Grund dafür ist die Aufnahme von unbegleiteten minderjährigen Flüchtlingen, die mittlerweile rund ein Viertel aller Bewohner stellen. Ausgebaut worden sind vor allem die dezentralen Wohngruppenplätze, so dass jetzt weniger als 40 Prozent der Kinder und Jugendlichen in großen, zentralen Heimen betreut werden.
Einerseits freut sich Marion Schulte beim Diözesancaritasverband Münster darüber, dass in so kurzer Zeit so viele Plätze für die jungen Flüchtlinge bereitgestellt, die Mitarbeiter dafür gefunden und ein eigenes Konzept für ihre Begleitung erarbeitet werden konnte. Aber der Erfolg hat Schattenseiten. Die meisten der Geflüchteten kamen 2015 im Alter von 16 Jahren, inzwischen gibt es nur noch einzelne Neuaufnahmen. Damit sind viele von ihnen inzwischen 18 Jahre alt oder werden es in Kürze. In Münster haben beispielsweise von 193 unbegleiteten Flüchtlingen 93 die Volljährigkeit erreicht.
"Wir haben große Sorgen, weil es nur wenige gute Nachsorgeprojekte gibt", sagt Schulte. Nur mit Wohlwollen der Jugendämter gebe es in einigen Regionen Anschlussmöglichkeiten mit Erreichen der Volljährigkeit. Ansonsten fallen die Flüchtlinge unter das Asylbewerberleistungsgesetz und müssen zurück in Sammelunterkünften.
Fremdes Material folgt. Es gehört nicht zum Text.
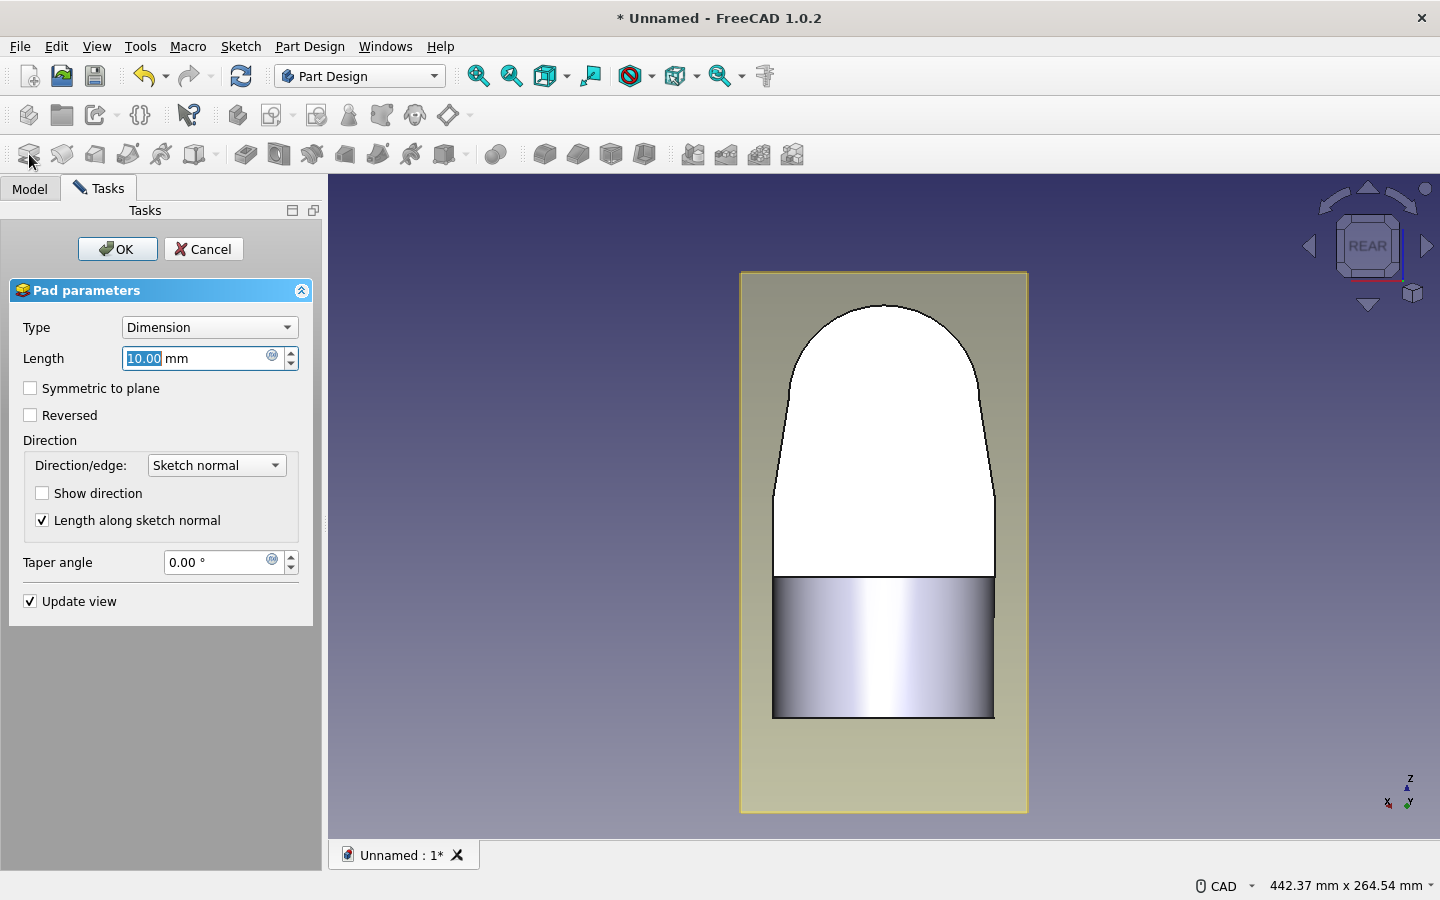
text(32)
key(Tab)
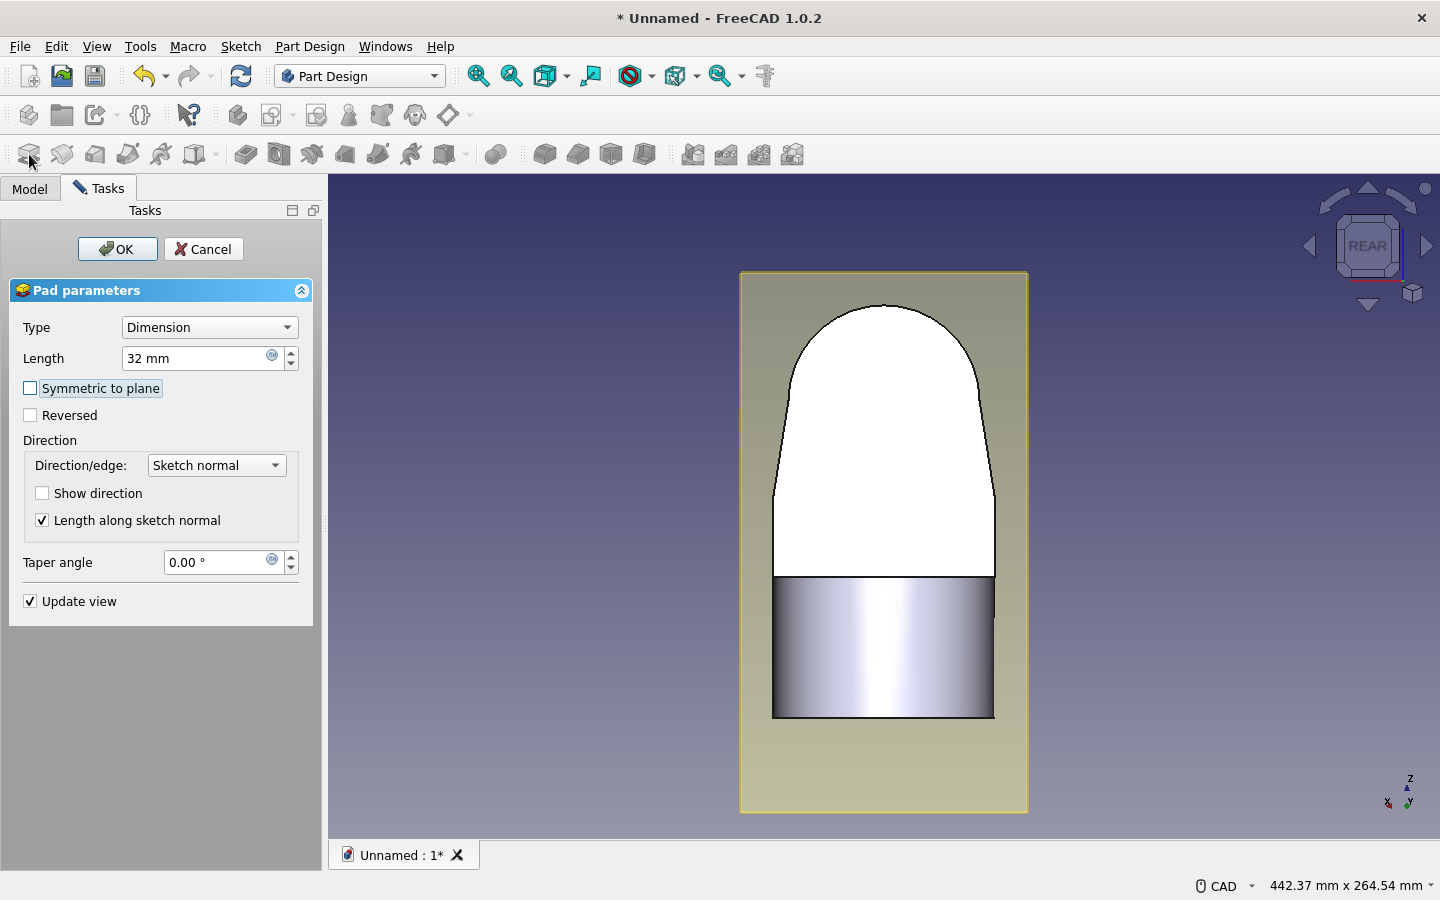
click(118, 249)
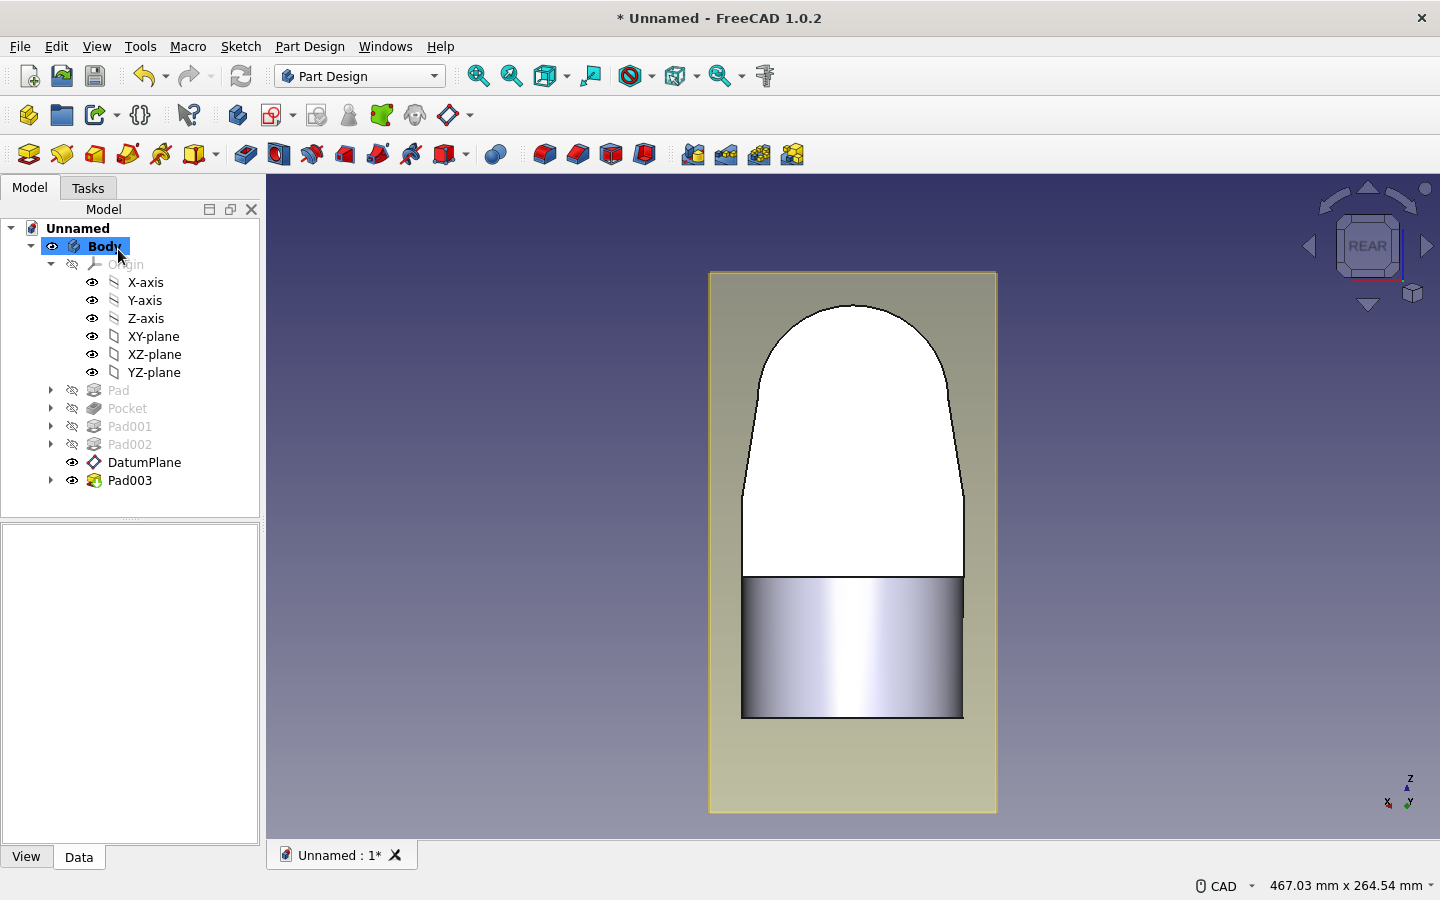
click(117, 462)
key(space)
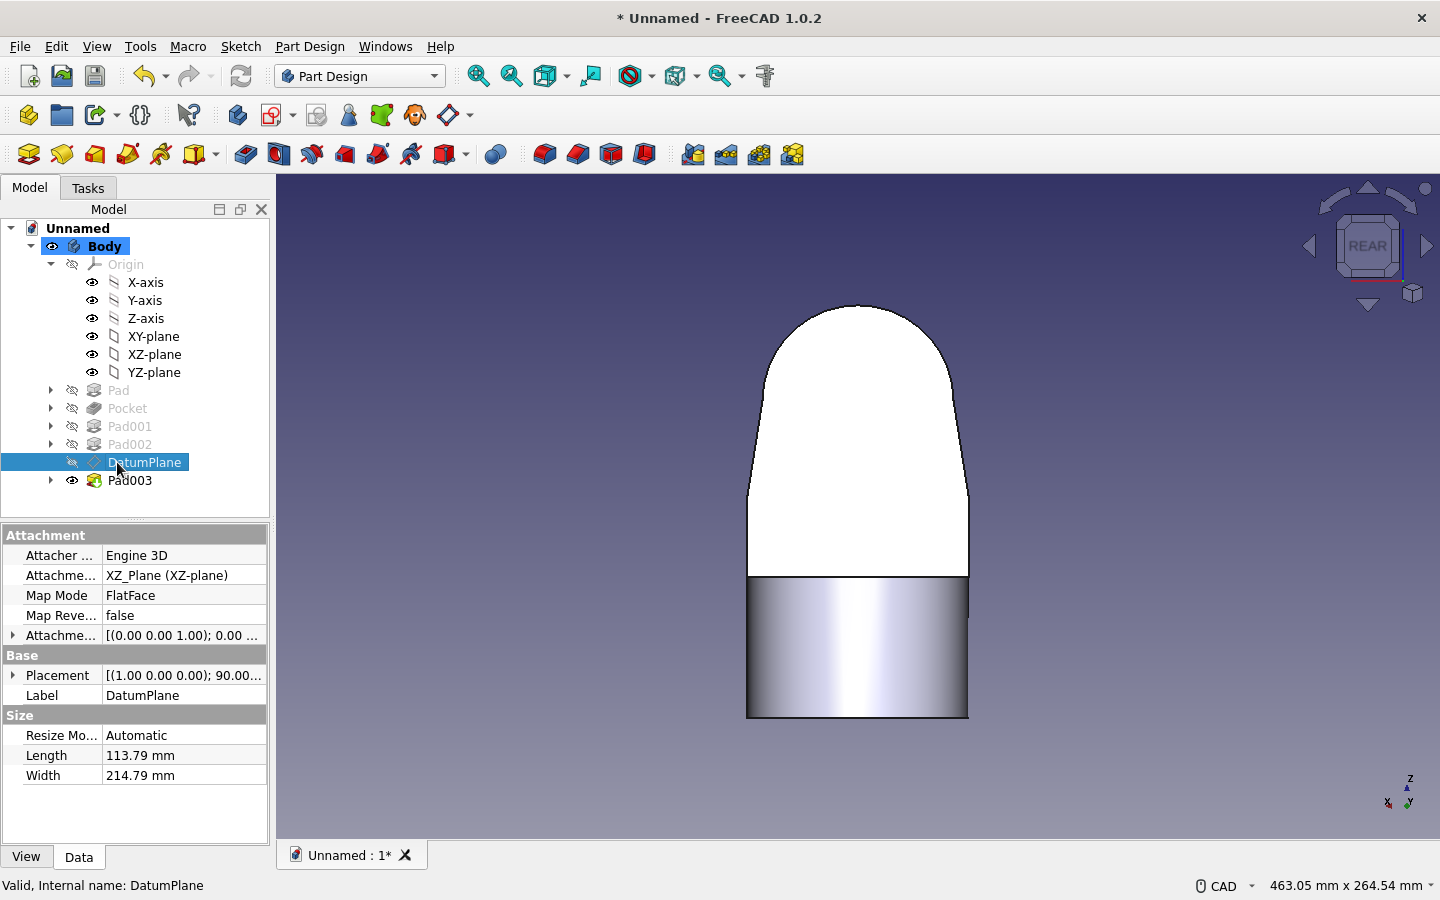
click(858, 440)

In der Regel habe die kurze, wenn auch intensive Zeit in der Erziehungshilfe nicht reichen können, um einen Schulabschluss und dann eine weitergehende Perspektive in Ausbildung oder Studium zu erreichen.
Das gelinge schon bei den deutschen Jugendlichen schwer in diesem Alter, umso schwieriger sei es für die jungen Flüchtlinge ohne die Unterstützung durch ihre Familie oder Verwandte. "Wir tun alles, dann kommt der Bruch", sagt Marion Schulte. Eine Lösung sieht die Caritas-Mitarbeiterin im Aufbau von Netzwerken verschiedener Hilfen. Ein entsprechendes Projekt zu dessen Aufbau wurde gerade im Kreis Kleve von allen katholischen Trägern der Jugendhilfe auf den Weg gebracht.
Eine weitere Sorge treibt sie um: Nicht alle von jungen Flüchtlingen belegten Plätze sind neu geschaffen. Wo sind dann die deutschen Jugendlichen geblieben, die schon vor 2015 in immer größerer Zahl aufgenommen werden mussten? "Die klassische Jugendhilfe ist etwas aus dem Blick geraten", befürchtet Schulte. Darauf müsse jetzt wieder verstärkt geschaut werden: "Im Grunde brauchen wir eine eigenständige Jugendpolitik, das ist eine gesamtgesellschaftliche Aufgabe", fordert die Caritas-Mitarbeiterin.